To do: Your response to the data below should hold nothing except the lines from the one containing "Answer the questions about this picture." down to the one containing "Q: Which part", reproduced exactly and without pictures.

Provided data:
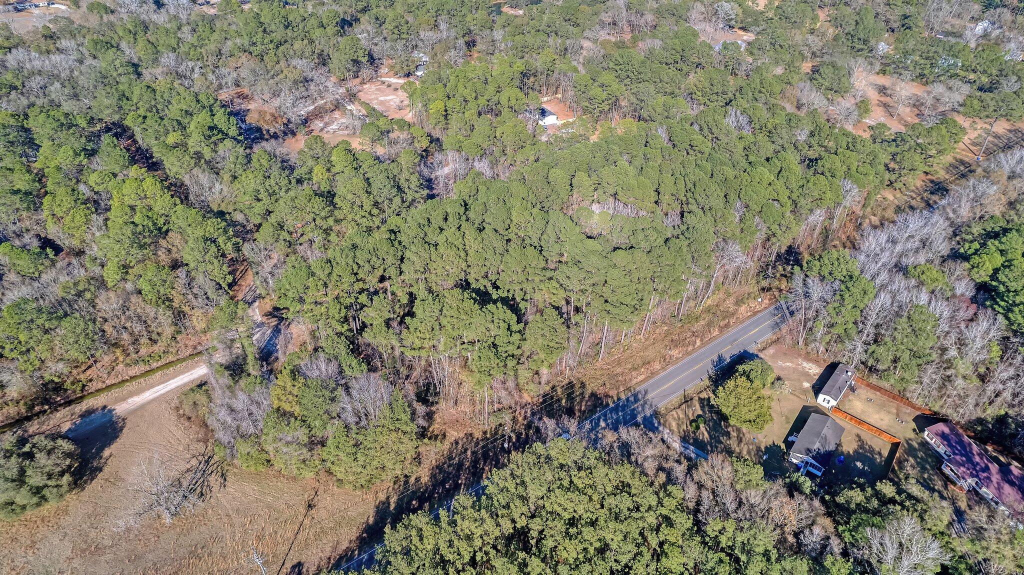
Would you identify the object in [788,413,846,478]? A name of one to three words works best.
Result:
house
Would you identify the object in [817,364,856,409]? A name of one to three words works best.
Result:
house
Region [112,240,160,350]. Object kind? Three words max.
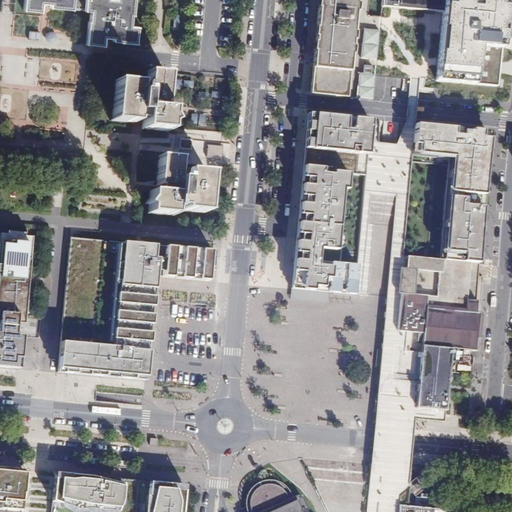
building
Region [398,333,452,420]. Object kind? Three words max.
building
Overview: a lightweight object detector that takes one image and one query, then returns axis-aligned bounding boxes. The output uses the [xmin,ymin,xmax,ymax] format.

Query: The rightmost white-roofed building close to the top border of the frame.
[428,0,512,92]
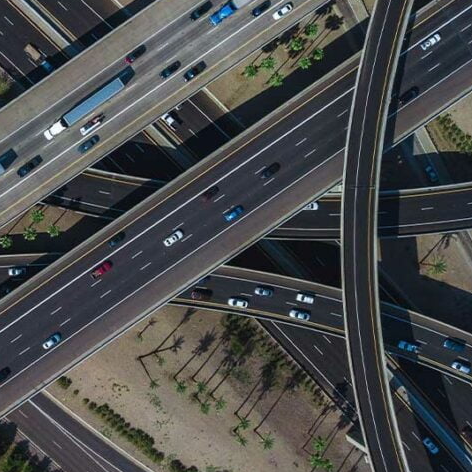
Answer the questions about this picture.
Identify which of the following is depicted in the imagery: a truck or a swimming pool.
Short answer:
truck
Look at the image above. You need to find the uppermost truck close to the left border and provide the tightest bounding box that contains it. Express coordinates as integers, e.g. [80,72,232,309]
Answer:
[23,44,50,70]
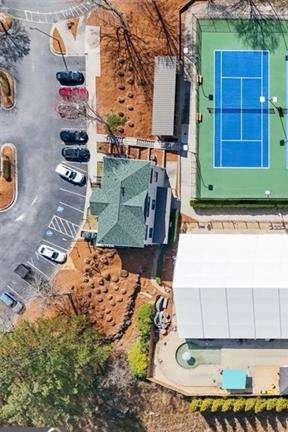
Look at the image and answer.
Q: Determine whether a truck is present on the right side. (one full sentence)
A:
No, looking on the right side, there is no truck.
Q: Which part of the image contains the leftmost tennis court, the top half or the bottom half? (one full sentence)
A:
You can find the leftmost tennis court in the top half.
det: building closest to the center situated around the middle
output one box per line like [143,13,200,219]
[91,156,174,247]
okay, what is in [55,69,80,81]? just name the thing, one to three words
vehicle
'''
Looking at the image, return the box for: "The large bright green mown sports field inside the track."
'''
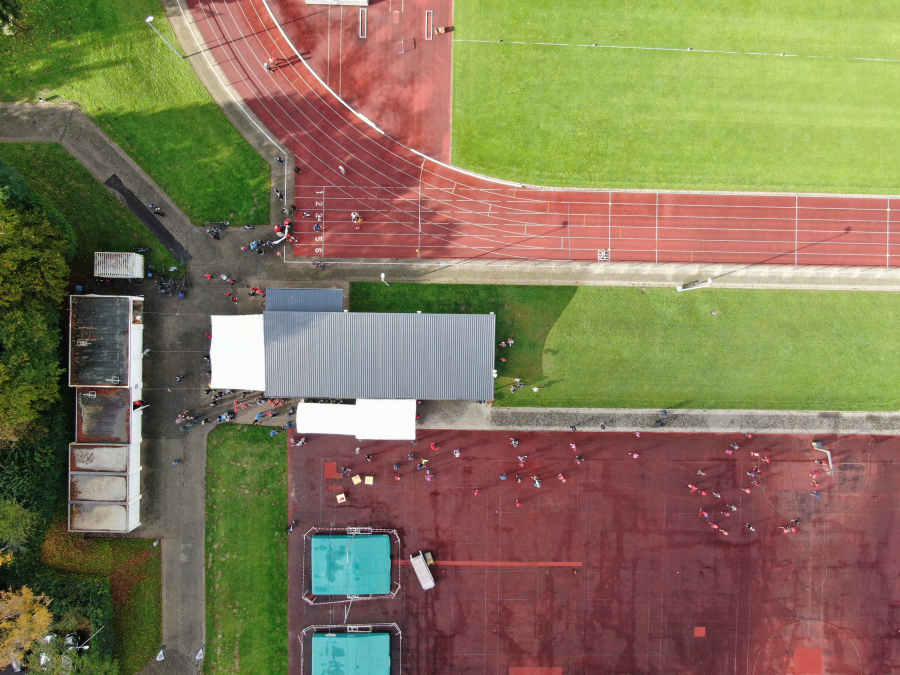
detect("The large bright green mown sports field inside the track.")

Exercise response:
Answer the questions about this picture.
Identify which of the following is depicted in the imagery: a truck or a swimming pool.
Short answer:
truck
Look at the image above. You need to find the uppermost truck close to the left border and provide the tightest bounding box that contains it. Express coordinates as integers, e.g. [80,72,232,309]
Answer:
[23,44,50,70]
Look at the image and answer.
Q: Determine whether a truck is present on the right side. (one full sentence)
A:
No, looking on the right side, there is no truck.
Q: Which part of the image contains the leftmost tennis court, the top half or the bottom half? (one full sentence)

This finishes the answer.